Publication year - 2021
Publication title -
synapse
Language(s) - English
Resource type - Journals
SCImago Journal Rank - 0.809
H-Index - 106
eISSN - 1098-2396
pISSN - 0887-4476
DOI - 10.1002/syn.22192
Subject(s) - cognition , medicine , endocrinology , anxiety , dementia , corticosterone , cognitive decline , amyloid beta , oxidative stress , effects of sleep deprivation on cognitive performance , disease , neuroscience , pathology , psychology , physiology , hormone , psychiatry
Concerns are growing that exposure to environmental pollutants, such as traffic noise, might cause cognitive impairments and predispose individuals toward the development of Alzheimer's disease (AD) dementia.
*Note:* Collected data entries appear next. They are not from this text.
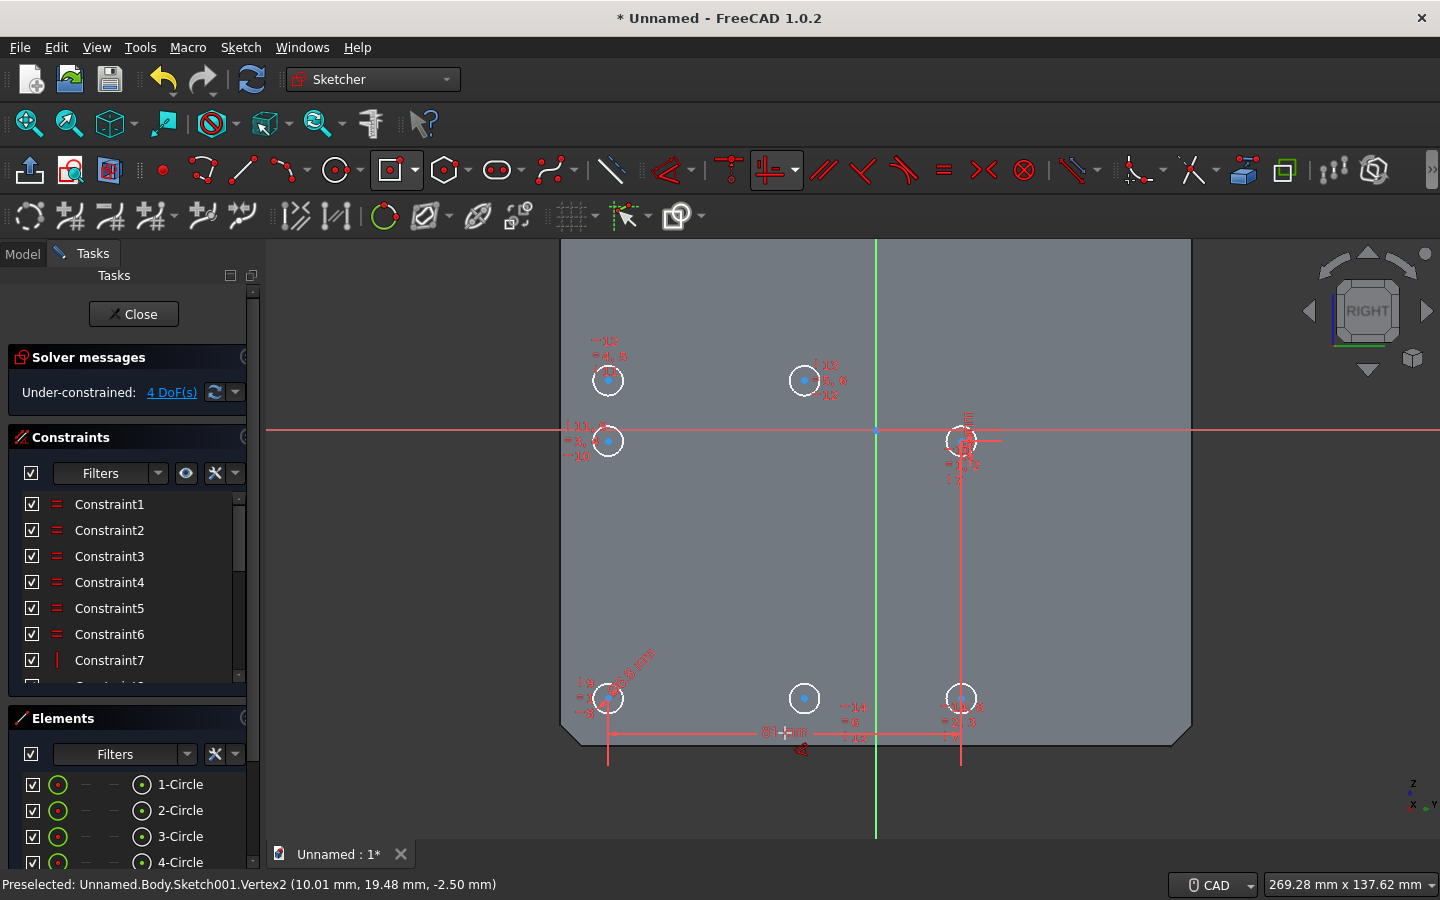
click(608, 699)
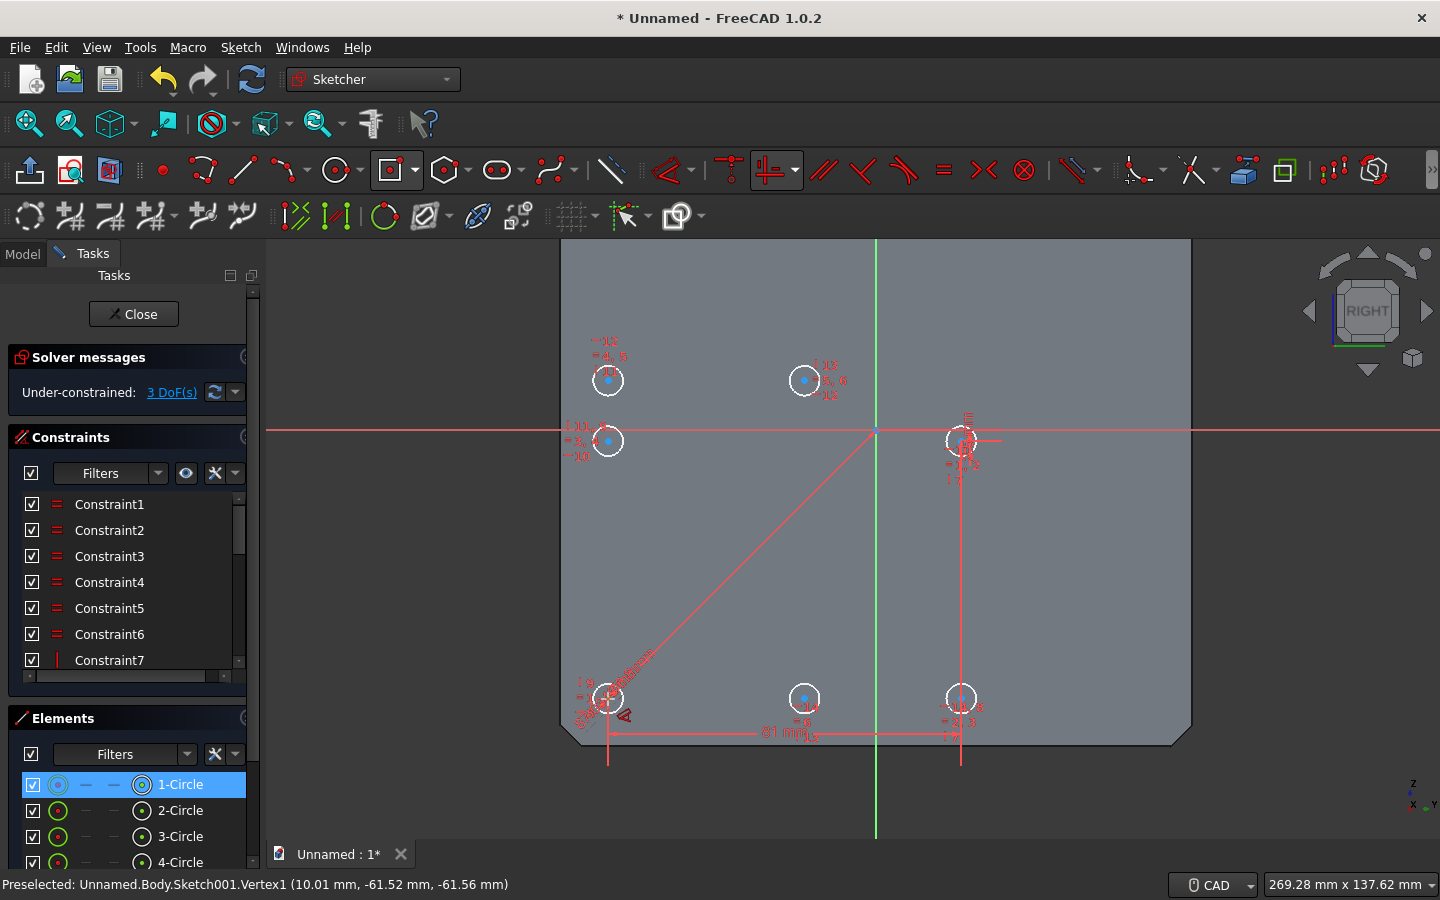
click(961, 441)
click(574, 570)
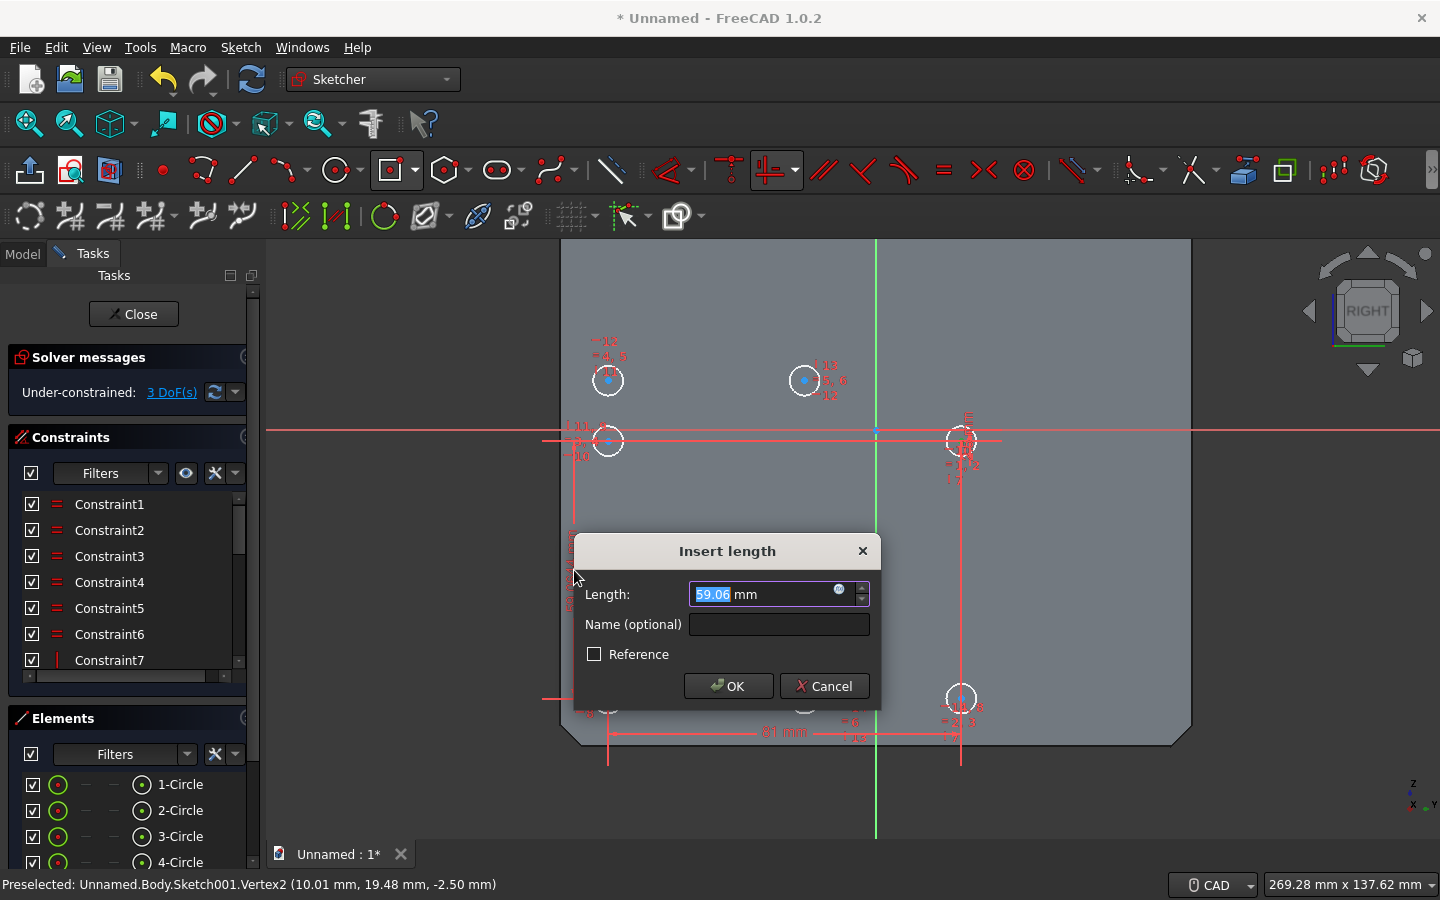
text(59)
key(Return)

In this study in a knock‐in mouse model of AD, we investigated how chronic traffic noise exposure (CTNE) impacts cognitive performance and amyloid‐beta (Aβ) pathology. A group of APP NL‐G‐F/NL‐G‐F mice was exposed to CTNE (70 dB A , 8 hr/day for 1 month) and compared with nonexposed counterparts. Following CTNE, an increase in hypothalamic–pituitary–adrenal (HPA) axis responsivity was observed by corticosterone assay of the blood. One month after CTNE, the CTNE group demonstrated impairments in cognitive and motor functions, and indications of anxiety‐like behavior, relative to the control animals. The noise‐exposed group also showed elevated Aβ aggregation, as inferred by a greater number of plaques and larger average plaque size in various regions of the brain, including regions involved in stress regulation. The results support that noise‐associated dysregulation of the neuroendocrine system as a potential risk factor for developing cognitive impairment and Aβ pathology, which should be further investigated in human studies.